**INSTRUCTIONS TO FOLLOW**. The answer should be one number, the count of lines in the data with "EditorExtension".

**INFORMATION SHOWN**.
[Start of section]
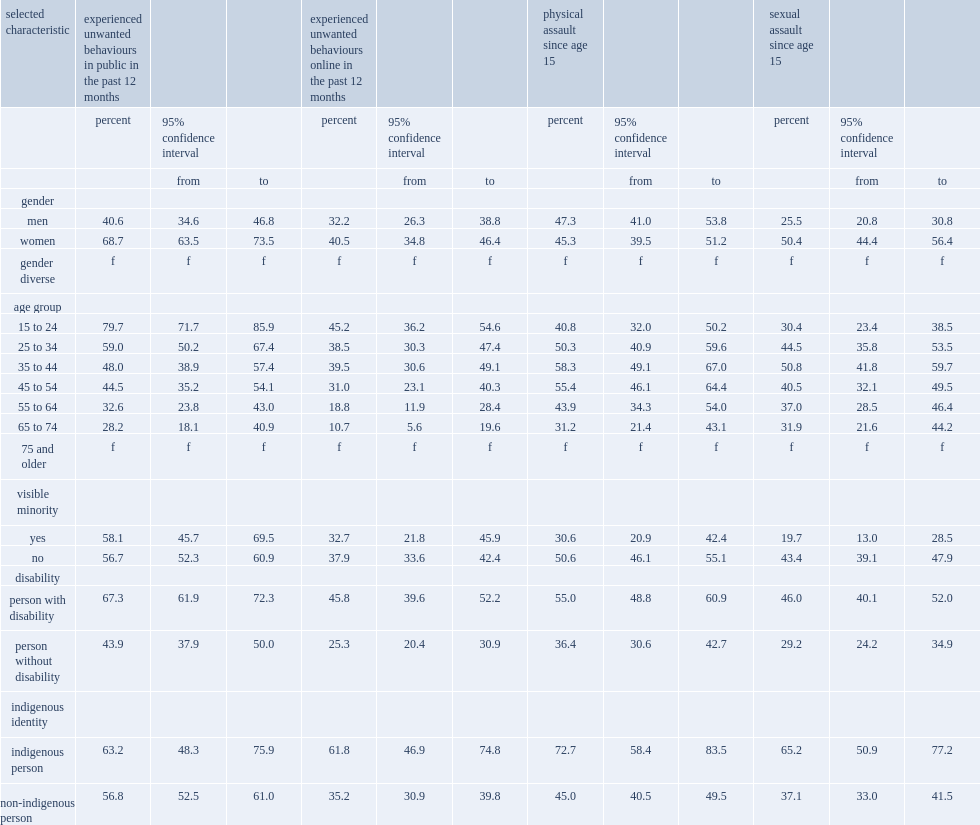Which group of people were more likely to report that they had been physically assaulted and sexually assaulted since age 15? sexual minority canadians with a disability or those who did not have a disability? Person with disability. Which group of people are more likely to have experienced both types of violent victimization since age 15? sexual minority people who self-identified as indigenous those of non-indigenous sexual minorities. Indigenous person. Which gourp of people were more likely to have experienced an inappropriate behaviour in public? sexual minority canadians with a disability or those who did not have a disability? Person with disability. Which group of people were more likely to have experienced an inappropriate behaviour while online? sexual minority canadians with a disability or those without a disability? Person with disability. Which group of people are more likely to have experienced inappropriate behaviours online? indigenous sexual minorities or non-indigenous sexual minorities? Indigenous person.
[End of section]
[Start of section]
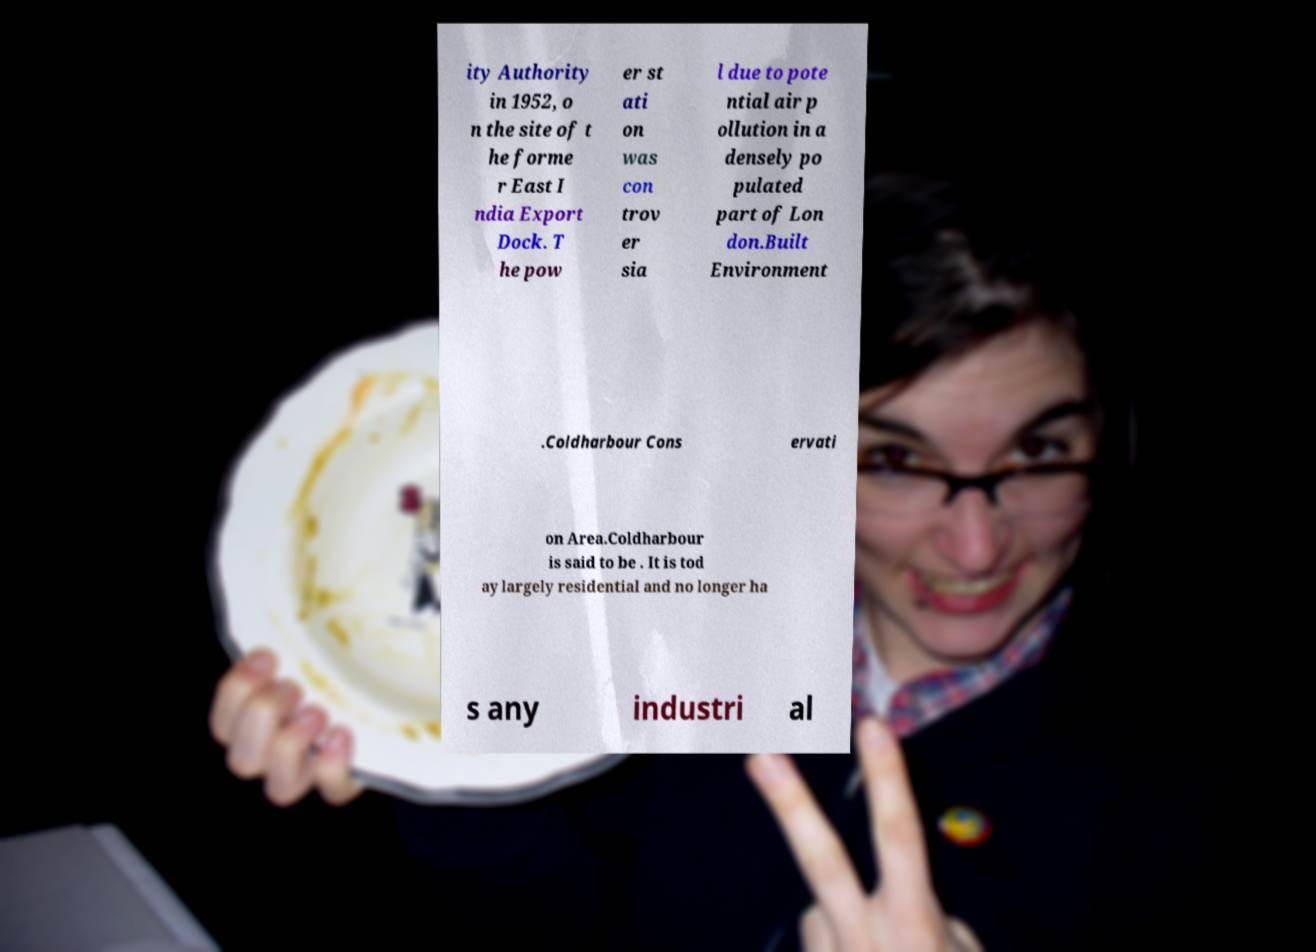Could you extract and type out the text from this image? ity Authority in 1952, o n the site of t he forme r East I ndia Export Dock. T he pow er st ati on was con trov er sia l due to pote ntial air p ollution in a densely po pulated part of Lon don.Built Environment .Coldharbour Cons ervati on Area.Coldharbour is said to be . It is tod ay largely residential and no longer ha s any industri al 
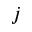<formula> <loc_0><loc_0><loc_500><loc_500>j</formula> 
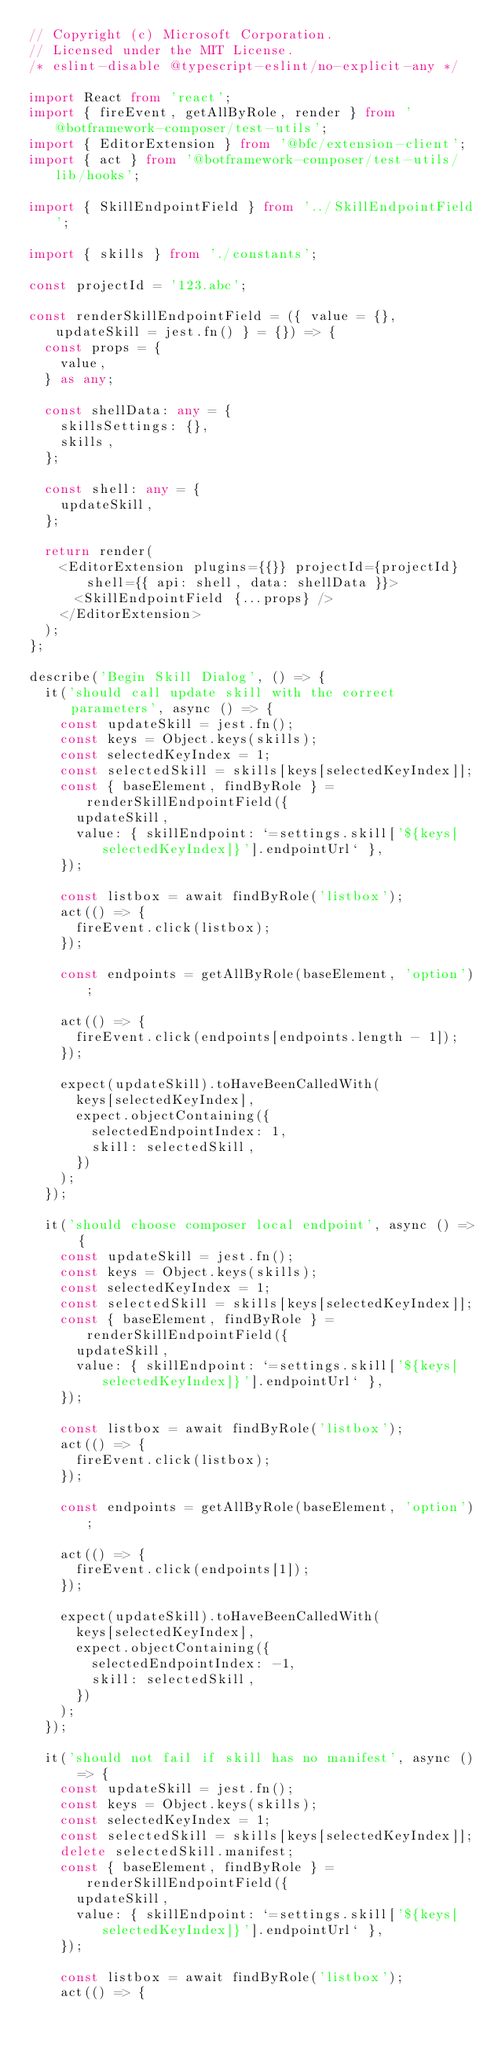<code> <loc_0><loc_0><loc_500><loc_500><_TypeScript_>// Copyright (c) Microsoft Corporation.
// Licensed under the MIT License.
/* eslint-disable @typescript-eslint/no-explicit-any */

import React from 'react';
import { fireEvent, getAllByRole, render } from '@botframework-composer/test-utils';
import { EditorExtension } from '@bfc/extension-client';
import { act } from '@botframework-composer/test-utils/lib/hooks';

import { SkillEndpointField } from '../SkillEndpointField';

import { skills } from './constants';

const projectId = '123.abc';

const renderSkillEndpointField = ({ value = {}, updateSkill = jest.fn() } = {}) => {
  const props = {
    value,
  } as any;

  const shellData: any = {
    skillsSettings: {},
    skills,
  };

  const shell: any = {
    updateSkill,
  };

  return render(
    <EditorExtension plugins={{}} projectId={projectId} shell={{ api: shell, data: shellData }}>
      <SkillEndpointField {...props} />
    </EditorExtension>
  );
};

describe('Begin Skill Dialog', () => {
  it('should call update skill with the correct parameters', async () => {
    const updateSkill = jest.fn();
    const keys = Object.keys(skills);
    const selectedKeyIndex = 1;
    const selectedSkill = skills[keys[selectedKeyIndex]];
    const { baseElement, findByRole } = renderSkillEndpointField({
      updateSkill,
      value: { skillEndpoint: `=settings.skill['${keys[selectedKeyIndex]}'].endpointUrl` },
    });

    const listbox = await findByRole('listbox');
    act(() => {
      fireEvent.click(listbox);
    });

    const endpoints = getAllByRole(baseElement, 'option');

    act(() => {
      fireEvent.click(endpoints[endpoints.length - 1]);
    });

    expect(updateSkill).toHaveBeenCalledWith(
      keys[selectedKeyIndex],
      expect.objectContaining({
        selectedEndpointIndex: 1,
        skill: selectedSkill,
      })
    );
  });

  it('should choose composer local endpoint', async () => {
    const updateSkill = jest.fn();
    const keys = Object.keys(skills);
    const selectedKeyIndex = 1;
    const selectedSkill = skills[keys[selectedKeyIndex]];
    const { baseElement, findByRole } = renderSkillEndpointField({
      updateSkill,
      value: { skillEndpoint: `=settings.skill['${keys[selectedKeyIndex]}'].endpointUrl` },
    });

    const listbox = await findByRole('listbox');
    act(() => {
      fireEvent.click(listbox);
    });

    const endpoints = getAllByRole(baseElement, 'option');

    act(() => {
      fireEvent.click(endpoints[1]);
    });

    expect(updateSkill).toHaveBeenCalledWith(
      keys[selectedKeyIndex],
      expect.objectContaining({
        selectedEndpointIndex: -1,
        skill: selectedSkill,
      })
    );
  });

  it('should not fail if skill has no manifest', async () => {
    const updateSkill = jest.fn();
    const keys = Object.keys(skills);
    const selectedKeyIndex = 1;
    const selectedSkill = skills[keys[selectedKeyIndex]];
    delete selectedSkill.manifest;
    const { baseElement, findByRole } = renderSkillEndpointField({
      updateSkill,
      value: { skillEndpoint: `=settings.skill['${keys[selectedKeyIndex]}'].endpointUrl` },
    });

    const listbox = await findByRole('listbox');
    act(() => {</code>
[End of section]
**YOUR SOLUTION**. 3